Data excerpts:
■ ■ ■ ■ ■ ■ ■

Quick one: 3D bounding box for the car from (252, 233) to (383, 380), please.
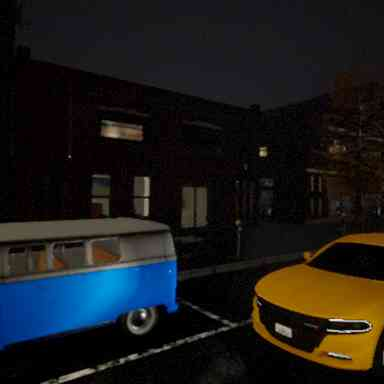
[{"bbox_3d":[3.200,1.486,5.658,5.008,1.535,1.882,0,0,-35],"label":"car"}]

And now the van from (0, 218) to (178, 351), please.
[{"bbox_3d":[-2.133,1.343,5.015,3.998,1.788,1.690,0,1,-35],"label":"van"}]
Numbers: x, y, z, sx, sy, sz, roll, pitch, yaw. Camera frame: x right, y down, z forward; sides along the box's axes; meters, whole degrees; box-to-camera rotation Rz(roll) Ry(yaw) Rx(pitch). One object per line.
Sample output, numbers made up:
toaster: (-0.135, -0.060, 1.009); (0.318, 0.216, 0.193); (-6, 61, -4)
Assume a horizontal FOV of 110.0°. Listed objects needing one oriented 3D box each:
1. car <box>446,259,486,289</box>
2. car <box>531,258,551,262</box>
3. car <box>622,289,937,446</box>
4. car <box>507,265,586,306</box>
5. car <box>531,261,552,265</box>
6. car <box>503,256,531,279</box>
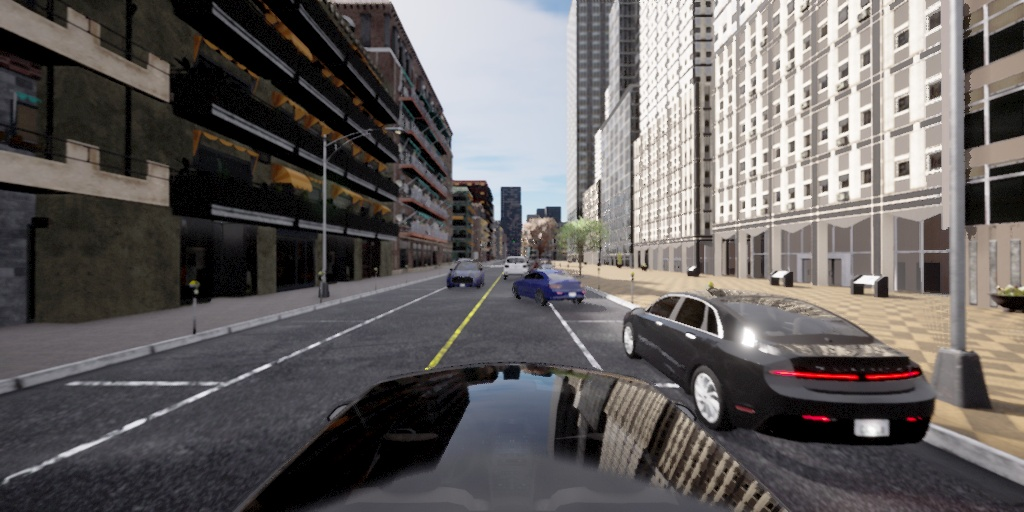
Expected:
car: (-2.920, 1.159, 23.465); (2.097, 1.767, 4.553); (0, 0, 1)
car: (2.976, 1.160, 36.012); (2.192, 1.841, 5.009); (0, 0, 0)
car: (3.174, 1.264, 5.566); (1.837, 1.490, 4.892); (0, 0, 0)
car: (1.534, 1.313, 15.968); (1.812, 1.442, 4.674); (0, 0, -20)
car: (2.929, 1.379, 30.489); (2.007, 1.370, 4.403); (0, 0, 0)
car: (0.350, 1.061, 33.886); (2.150, 2.045, 5.566); (0, 0, 1)
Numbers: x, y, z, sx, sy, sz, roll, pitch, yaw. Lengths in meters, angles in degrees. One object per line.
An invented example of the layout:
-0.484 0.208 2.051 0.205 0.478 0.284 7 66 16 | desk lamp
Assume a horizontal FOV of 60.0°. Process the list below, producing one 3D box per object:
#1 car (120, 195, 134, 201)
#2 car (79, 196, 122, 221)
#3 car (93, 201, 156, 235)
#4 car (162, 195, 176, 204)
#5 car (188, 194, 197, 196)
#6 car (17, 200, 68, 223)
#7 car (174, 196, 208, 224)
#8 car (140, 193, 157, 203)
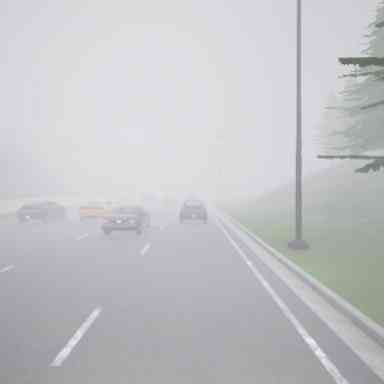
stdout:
-10.474 1.157 52.291 2.033 1.411 5.357 0 0 2 | car
-6.904 1.290 24.993 1.882 1.535 5.008 0 0 0 | car
-3.403 1.412 17.976 2.033 1.411 5.357 0 0 0 | car
-3.489 1.176 51.877 1.994 1.385 4.181 0 0 2 | car
0.036 1.118 51.857 1.837 1.490 4.892 0 1 3 | car
-10.403 1.329 23.476 1.837 1.490 4.892 0 0 0 | car
0.097 1.316 23.382 2.128 1.511 4.902 0 0 0 | car
-6.896 0.953 53.262 2.097 1.767 4.553 0 0 4 | car
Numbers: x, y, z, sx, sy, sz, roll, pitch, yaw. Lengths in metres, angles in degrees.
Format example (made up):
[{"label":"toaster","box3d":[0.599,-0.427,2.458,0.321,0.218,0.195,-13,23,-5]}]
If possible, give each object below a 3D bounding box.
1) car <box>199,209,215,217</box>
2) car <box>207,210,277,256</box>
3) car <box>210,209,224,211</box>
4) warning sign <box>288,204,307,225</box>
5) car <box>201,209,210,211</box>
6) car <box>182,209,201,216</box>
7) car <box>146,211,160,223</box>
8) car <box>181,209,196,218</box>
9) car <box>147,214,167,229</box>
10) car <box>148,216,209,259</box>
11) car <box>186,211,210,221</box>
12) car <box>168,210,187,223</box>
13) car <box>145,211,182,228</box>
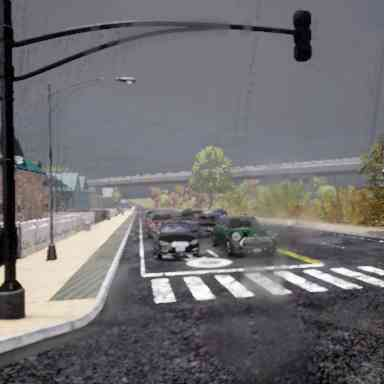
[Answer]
[{"label":"car","box3d":[2.515,3.708,58.394,1.895,1.301,4.718,-1,-2,-9]},{"label":"car","box3d":[2.400,1.961,16.241,2.097,1.767,4.553,-1,-2,-9]},{"label":"car","box3d":[4.058,3.234,48.479,1.812,1.442,4.674,-1,-2,-9]},{"label":"warning sign","box3d":[9.731,2.043,30.715,1.300,1.860,1.060,1,-1,-9]},{"label":"car","box3d":[0.868,3.295,47.846,1.812,1.442,4.674,-1,-2,-9]},{"label":"car","box3d":[-0.486,2.869,34.948,1.812,1.442,4.674,-1,-2,-9]},{"label":"car","box3d":[-5.370,3.350,45.404,1.837,1.490,4.892,-1,-2,-8]},{"label":"car","box3d":[-0.693,3.676,57.865,1.837,1.490,4.892,-1,-2,-9]},{"label":"car","box3d":[-3.780,3.030,34.933,1.895,1.301,4.718,-1,-2,-8]},{"label":"car","box3d":[-0.852,2.177,16.018,2.128,1.511,4.902,-1,-2,-9]},{"label":"car","box3d":[1.042,2.457,25.001,1.837,1.490,4.892,-1,-2,-9]},{"label":"car","box3d":[-2.107,3.314,45.597,2.033,1.411,5.357,-1,-2,-8]},{"label":"car","box3d":[-2.268,2.395,25.121,2.097,1.767,4.553,-1,-2,-9]}]
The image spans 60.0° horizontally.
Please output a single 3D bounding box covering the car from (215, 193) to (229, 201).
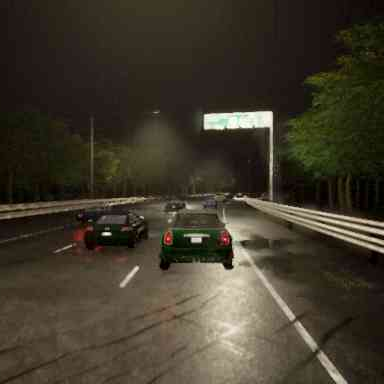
[{"bbox_3d":[5.896,1.149,69.616,2.150,2.045,5.566,0,0,9],"label":"car"}]

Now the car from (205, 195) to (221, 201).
[{"bbox_3d":[2.463,1.506,44.335,2.033,1.411,5.357,0,0,6],"label":"car"}]

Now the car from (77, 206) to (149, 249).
[{"bbox_3d":[-3.120,1.545,14.506,1.994,1.385,4.181,0,0,2],"label":"car"}]

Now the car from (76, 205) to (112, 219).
[{"bbox_3d":[-6.279,1.549,23.218,1.895,1.301,4.718,0,0,3],"label":"car"}]

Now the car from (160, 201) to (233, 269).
[{"bbox_3d":[0.188,1.343,11.312,2.097,1.767,4.553,0,0,2],"label":"car"}]
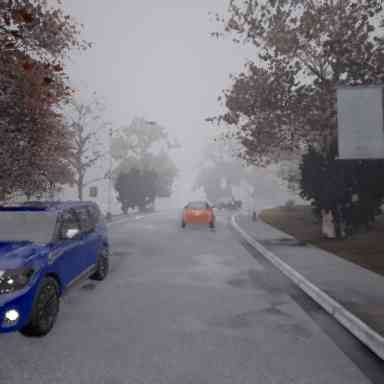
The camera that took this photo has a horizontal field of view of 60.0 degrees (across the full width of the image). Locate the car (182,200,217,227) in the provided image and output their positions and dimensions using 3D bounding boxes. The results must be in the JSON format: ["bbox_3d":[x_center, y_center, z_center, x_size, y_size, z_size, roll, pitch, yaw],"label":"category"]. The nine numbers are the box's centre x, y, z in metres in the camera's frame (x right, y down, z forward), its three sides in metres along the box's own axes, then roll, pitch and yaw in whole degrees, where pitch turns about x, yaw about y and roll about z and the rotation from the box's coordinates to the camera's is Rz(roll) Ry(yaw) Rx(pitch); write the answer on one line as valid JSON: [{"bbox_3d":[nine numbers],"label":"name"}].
[{"bbox_3d":[0.501,1.395,23.433,2.097,1.767,4.553,0,0,4],"label":"car"}]

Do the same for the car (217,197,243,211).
[{"bbox_3d":[4.840,1.340,41.060,2.097,1.767,4.553,-2,0,23],"label":"car"}]

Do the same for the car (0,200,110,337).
[{"bbox_3d":[-3.338,1.238,7.038,2.150,2.045,5.566,0,0,0],"label":"car"}]

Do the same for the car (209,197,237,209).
[{"bbox_3d":[4.529,1.568,47.882,1.837,1.490,4.892,-3,-1,32],"label":"car"}]
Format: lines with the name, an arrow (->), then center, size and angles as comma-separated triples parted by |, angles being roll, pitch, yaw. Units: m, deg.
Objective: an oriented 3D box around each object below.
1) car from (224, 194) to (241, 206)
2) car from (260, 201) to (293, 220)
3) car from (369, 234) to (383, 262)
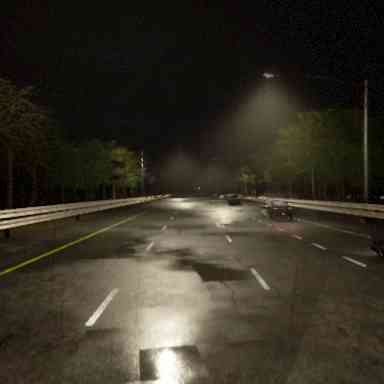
car -> 7.088, 1.567, 56.594 | 1.994, 1.385, 4.181 | 0, 0, 0
car -> 7.036, 1.494, 27.965 | 2.128, 1.511, 4.902 | 0, 0, 0
car -> 7.004, 1.549, 8.942 | 2.033, 1.411, 5.357 | 0, 0, 0
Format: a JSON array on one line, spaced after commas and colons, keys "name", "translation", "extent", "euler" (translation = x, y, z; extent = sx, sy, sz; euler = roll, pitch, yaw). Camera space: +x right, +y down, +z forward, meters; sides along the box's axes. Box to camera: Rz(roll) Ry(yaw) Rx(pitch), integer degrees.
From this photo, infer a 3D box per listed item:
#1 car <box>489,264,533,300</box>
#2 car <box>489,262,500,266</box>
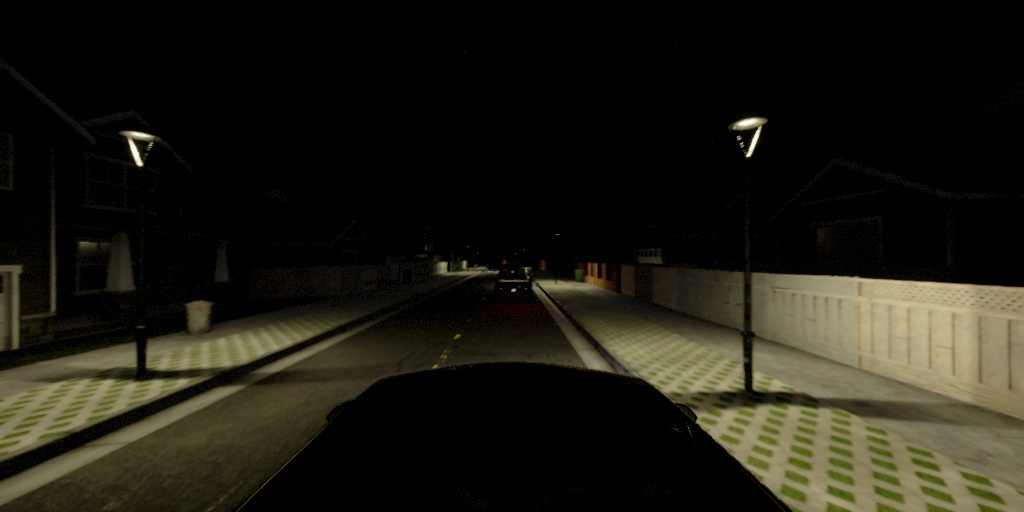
[{"name": "car", "translation": [0.072, 1.346, 18.490], "extent": [2.128, 1.511, 4.902], "euler": [0, 0, 0]}, {"name": "car", "translation": [-2.820, 1.717, 59.747], "extent": [1.895, 1.301, 4.718], "euler": [0, 0, 0]}]
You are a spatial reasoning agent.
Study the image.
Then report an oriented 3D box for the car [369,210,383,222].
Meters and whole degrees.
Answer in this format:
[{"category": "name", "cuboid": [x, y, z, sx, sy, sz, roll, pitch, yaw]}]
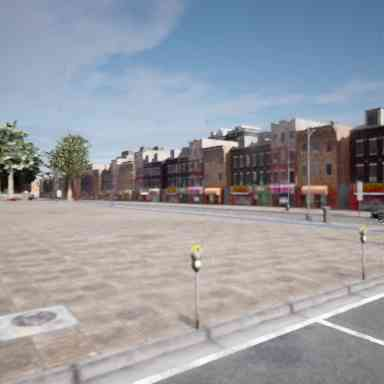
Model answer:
[{"category": "car", "cuboid": [16.089, 1.577, 24.329, 2.033, 1.411, 5.357, 0, 0, -38]}]
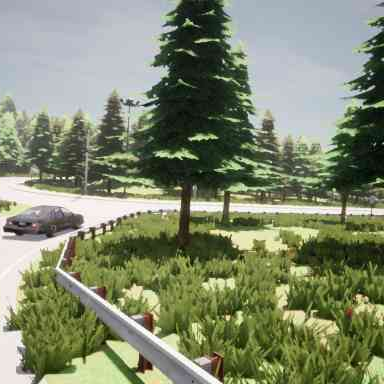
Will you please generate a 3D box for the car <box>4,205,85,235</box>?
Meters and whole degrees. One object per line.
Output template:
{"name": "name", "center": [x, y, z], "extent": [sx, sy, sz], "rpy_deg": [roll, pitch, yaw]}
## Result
{"name": "car", "center": [-7.399, 1.412, 17.296], "extent": [2.033, 1.411, 5.357], "rpy_deg": [4, 1, 3]}
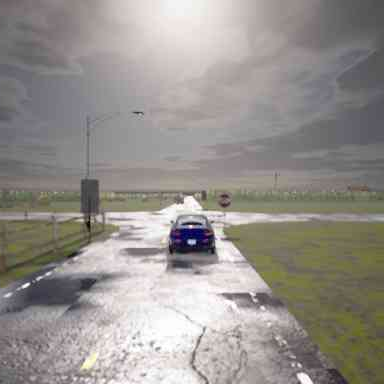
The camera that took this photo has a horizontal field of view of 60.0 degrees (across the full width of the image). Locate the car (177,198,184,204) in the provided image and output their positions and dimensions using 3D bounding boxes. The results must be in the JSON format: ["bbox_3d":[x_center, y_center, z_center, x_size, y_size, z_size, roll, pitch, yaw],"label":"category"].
[{"bbox_3d":[-2.861,2.330,82.786,1.837,1.490,4.892,0,-1,0],"label":"car"}]

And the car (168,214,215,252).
[{"bbox_3d":[0.006,1.661,14.367,1.812,1.442,4.674,0,0,0],"label":"car"}]
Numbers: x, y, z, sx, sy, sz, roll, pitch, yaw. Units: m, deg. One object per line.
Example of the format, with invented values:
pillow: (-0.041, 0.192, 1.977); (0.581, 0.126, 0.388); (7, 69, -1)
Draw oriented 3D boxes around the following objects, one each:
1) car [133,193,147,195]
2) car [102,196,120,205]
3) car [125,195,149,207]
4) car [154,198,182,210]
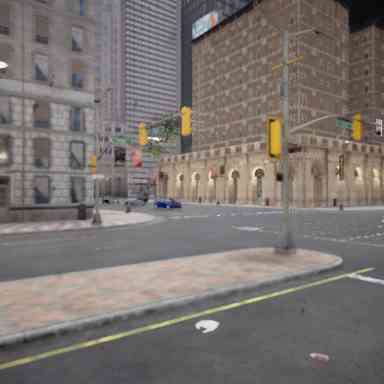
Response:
car: (-10.655, 1.251, 66.237); (2.150, 2.045, 5.566); (0, 0, -35)
car: (-14.626, 1.514, 59.722); (2.128, 1.511, 4.902); (0, 0, -35)
car: (-8.891, 1.548, 51.470); (1.812, 1.442, 4.674); (0, 0, -35)
car: (-3.157, 1.501, 43.425); (1.882, 1.535, 5.008); (0, 0, -36)

■ ■ ■ ■ ■ ■ ■

Output the lines above exactly, but only those between the line holding "#6 car (17, 200, 68, 223)" and the line holding "#8 car (140, 193, 157, 203)", inclusive.

#6 car (17, 200, 68, 223)
#7 car (174, 196, 208, 224)
#8 car (140, 193, 157, 203)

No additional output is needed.